Certaines plate­formes d’ex­pres­sion sont aujourd’­hui telle­ment centrales qu’en exclure des opinions biai­se­rait grave­ment la volonté démo­cra­tique de nos pays. Cette exclu­sion peut, de fait, y deve­nir un problème de liberté d’ex­pres­sion.


Il n’y a rien de neuf dans tout ça. Les contraintes liées aux oligo­poles sont déjà tout à fait établies dans le milieu écono­mique. Dès que tu deviens trop central ou que ton poids est déme­suré au point de gêner un nouvel entrant, tu ne fais plus tout ce que tu veux ; on t’im­pose des règles et des obli­ga­tions pour sauve­gar­der la concur­rence.

Ce à quoi je fais réfé­rence n’est ni plus ni moins que la même chose, appliqué aux liber­tés. La concur­rence des idées n’est pas moins impor­tante que la concur­rence écono­mique.

Nous devrions consi­dé­rer la situa­tion d’oli­go­pole des plate­formes avant de trop vite dire qu’une société privée a le droit de défi­nir les règles internes qu’elle souhaite.

Les condi­tions d’uti­li­sa­tion et de modé­ra­tion de Face­book, Google, Twit­ter et quelques autres sont bel et bien des enjeux de liberté d’ex­pres­sion. La collec­ti­vité, via les États, a toute légi­ti­mité à avoir un droit de regard et à y appor­ter des contraintes ou obli­ga­tions — et ce autant vis à vis de ce qui doit être inter­dit que vis à vis de ce qui doit être auto­risé, et aux voies de recours.


Une fois que c’est dit, on fait quoi ? parce qu’é­vi­dem­ment, c’est compliqué.

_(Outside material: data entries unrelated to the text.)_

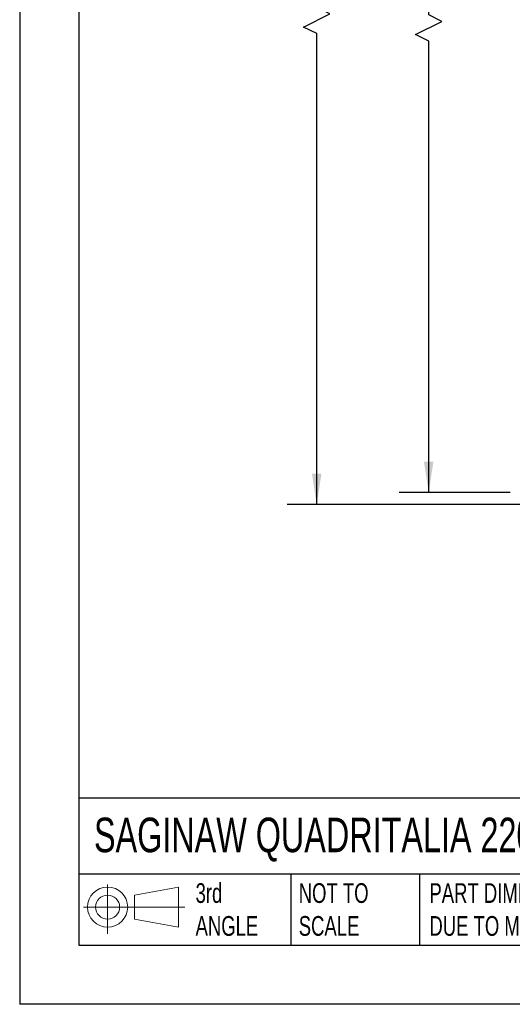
# Model space of a CAD drawing. Header units: millimetres. Extents: x 0 to 3912, y 0 to 3023.
# Tile 1 of 11: x 0 to 739, y 0 to 1479. Entities that reach past the tile are written whole.
import ezdxf

# ---------------------------------------------------------------- set-up
doc = ezdxf.new("R2010")
doc.units = ezdxf.units.MM
doc.header["$LTSCALE"] = 14
doc.layers.add('DIMENSIONS', color=140, linetype='Continuous', lineweight=25)
doc.layers.add('TEXT', color=140, linetype='Continuous', lineweight=25)
doc.styles.add('SLDTEXTSTYLE0', font='TXT', dxfattribs={"width": 0.7})
doc.dimstyles.new('SLDDIMSTYLE0', dxfattribs={"dimtxt": 30.212109, "dimasz": 46.228, "dimexe": 0, "dimexo": 0.0625, "dimgap": 7.553027, "dimtad": 0, "dimtih": 1, "dimtoh": 1, "dimdec": 1, "dimrnd": 1e-09, "dimzin": 12, "dimdsep": 46, "dimtxsty": 'SLDTEXTSTYLE0', "dimsah": 1, "dimcen": 0.09, "dimadec": 0, "dimazin": 3, "dimtfac": 1, "dimtdec": 1, "dimtofl": 0, "dimtmove": 0, "dimatfit": 3, "dimfxl": 0, "dimfrac": 2, "dimtolj": 1, "dimtzin": 12, "dimarcsym": 0})

# ---------------------------------------------------------------- blocks, each defined once
blk = doc.blocks.new('Block11')
at = {"color": 7, "linetype": 'Continuous', "lineweight": 18}
for p, q in [((36.2, 74.3), (36.2, 0)), ((76.7, 58.3), (142.5, 70.4)), ((142.5, 70.4), (142.5, 10.2)), ((76.7, 22.3), (76.7, 58.3)), ((0, 40.3), (152.2, 40.3)), ((76.7, 22.3), (142.5, 10.2))]:
    blk.add_line(p, q, dxfattribs=at)
for radius in [30.1, 18]:
    blk.add_circle((36.2, 40.3), radius, dxfattribs=at)
blk = doc.blocks.new('Block12')
at = {"color": 7, "linetype": 'Continuous'}
blk.add_blockref('Block11', (0, 0), dxfattribs=at)
blk = doc.blocks.new('_D')
at = {"layer": 'DIMENSIONS'}
for p, q in [((784.9, 2111.6), (569.2, 2111.6)), ((613.7, 2111.6), (613.7, 1682.6)), ((556.2, 1627.8), (546.1, 1627.8)), ((546.1, 1627.8), (546.1, 1579.8)), ((671.1, 1627.8), (681.3, 1627.8)), ((681.3, 1627.8), (681.3, 1579.8)), ((546.1, 1579.8), (556.2, 1579.8)), ((613.7, 1486.1), (613.7, 1573)), ((681.3, 1579.8), (671.1, 1579.8)), ((633.4, 1476.2), (613.7, 1486.1)), ((593.9, 1456.5), (633.4, 1476.2)), ((613.7, 1446.6), (593.9, 1456.5)), ((613.7, 768.6), (613.7, 1446.6)), ((735.9, 768.6), (569.2, 768.6))]:
    blk.add_line(p, q, dxfattribs=at)
for points in [[(613.7, 2111.6), (606.6, 2065.3), (620.8, 2065.3)], [(613.7, 768.6), (620.8, 814.8), (606.6, 814.8)]]:
    blk.add_solid(points, dxfattribs=at)
at = {"layer": 'DIMENSIONS', "char_height": 29.63, "attachment_point": 1, "style": 'SLDTEXTSTYLE0'}
for s, insert in [('1697.3', (543.7, 1672.7)), ('66.82', (556.2, 1618))]:
    blk.add_mtext(s, dxfattribs=dict(at, insert=insert))
blk = doc.blocks.new('_D_1')
at = {"layer": 'DIMENSIONS'}
for p, q in [((830.4, 2127.8), (401.2, 2127.8)), ((445.7, 2127.8), (445.7, 1682.6)), ((388.2, 1627.8), (378.1, 1627.8)), ((378.1, 1627.8), (378.1, 1579.8)), ((503.1, 1627.8), (513.3, 1627.8)), ((513.3, 1627.8), (513.3, 1579.8)), ((378.1, 1579.8), (388.2, 1579.8)), ((445.7, 1497.3), (445.7, 1573)), ((513.3, 1579.8), (503.1, 1579.8)), ((465.4, 1487.4), (445.7, 1497.3)), ((425.9, 1467.7), (465.4, 1487.4)), ((445.7, 1457.8), (425.9, 1467.7)), ((445.7, 750.6), (445.7, 1457.8)), ((786.9, 750.6), (401.2, 750.6))]:
    blk.add_line(p, q, dxfattribs=at)
for points in [[(445.7, 2127.8), (438.6, 2081.6), (452.8, 2081.6)], [(445.7, 750.6), (452.8, 796.8), (438.6, 796.8)]]:
    blk.add_solid(points, dxfattribs=at)
at = {"layer": 'DIMENSIONS', "char_height": 29.63, "attachment_point": 1, "style": 'SLDTEXTSTYLE0'}
for s, insert in [('1731.5', (375.7, 1672.7)), ('68.17', (388.2, 1618))]:
    blk.add_mtext(s, dxfattribs=dict(at, insert=insert))

msp = doc.modelspace()

# ---------------------------------------------------------------- linework, layer by layer
at = {"color": 7, "linetype": 'Continuous'}
for p in [(0.03, 3022.64), (3911.63, 0.04)]:
    msp.add_line(p, (0.03, 0.04), dxfattribs=at)
at = {"layer": 'TEXT'}
for p, q in [((88.9, 2933.7), (88.9, 88.9)), ((3822.7, 309.77), (88.9, 309.77)), ((3822.7, 195.58), (88.9, 195.58)), ((406.63, 195.58), (406.63, 88.9)), ((599.72, 195.58), (599.72, 88.9)), ((88.9, 88.9), (3822.7, 88.9))]:
    msp.add_line(p, q, dxfattribs=at)

# ---------------------------------------------------------------- block references
msp.add_blockref('Block12', (95.73, 105.75), dxfattribs=at)

# ---------------------------------------------------------------- texts
at = {"layer": 'TEXT', "attachment_point": 1, "style": 'SLDTEXTSTYLE0'}
for s, insert, char_height in [('SAGINAW QUADRITALIA 2200MM ENCLOSURES', (111.52, 280.33), 51.8583), ('3rd^JANGLE', (263.91, 181.95), 29.633), ('NOT TO^JSCALE', (418.69, 181.95), 29.6333), ("PART DIMENSIONS MAY DIFFER SLIGHTLY ^JDUE TO MANUFACTURER'S VARIANCES", (614.78, 181.95), 29.6333)]:
    msp.add_mtext(s, dxfattribs=dict(at, insert=insert, char_height=char_height))

# ---------------------------------------------------------------- dimensions: what is measured, and where the dimension line sits
at = {"layer": 'DIMENSIONS'}
for base, p1, p2, angle, text, picture, middle in [((445.68, 750.57), (848.18, 2127.81), (804.68, 750.57), 90, '1731.5', '_D_1', (445.68, 1627.78)), ((613.68, 768.57), (802.68, 2111.56), (753.68, 768.57), 89.99984, '1697.3', '_D', (613.68, 1627.78))]:
    dim = msp.add_linear_dim(base=base, p1=p1, p2=p2, angle=angle, text=text, dimstyle='SLDDIMSTYLE0', dxfattribs=at)
    dim.commit()
    dim.dimension.update_dxf_attribs({"geometry": picture, "text_midpoint": middle, "dimtype": 160})

doc.saveas('drawing.dxf')

La suite est forcé­ment du registre de la pensée à haute voix plus que quelque chose d’af­fir­ma­tif.

Je ne crois pas à la solu­tion de l’au­to­rité de régu­la­tion qui va impo­ser des contraintes ou obli­ga­tion ad-hoc en réac­tion aux cas qui se présentent. Ça fonc­tionne pour l’au­to­rité de concur­rence au niveau écono­mique mais c’est vis à vis d’un nombre réduit d’ac­teurs, ayant tous les moyens de défendre leur posi­tion, et d’al­ler en justice le cas échéant.

Vis à vis de dizaines de millions de parti­cu­liers qui n’ont pas ces moyens, l’échelle n’est plus la bonne.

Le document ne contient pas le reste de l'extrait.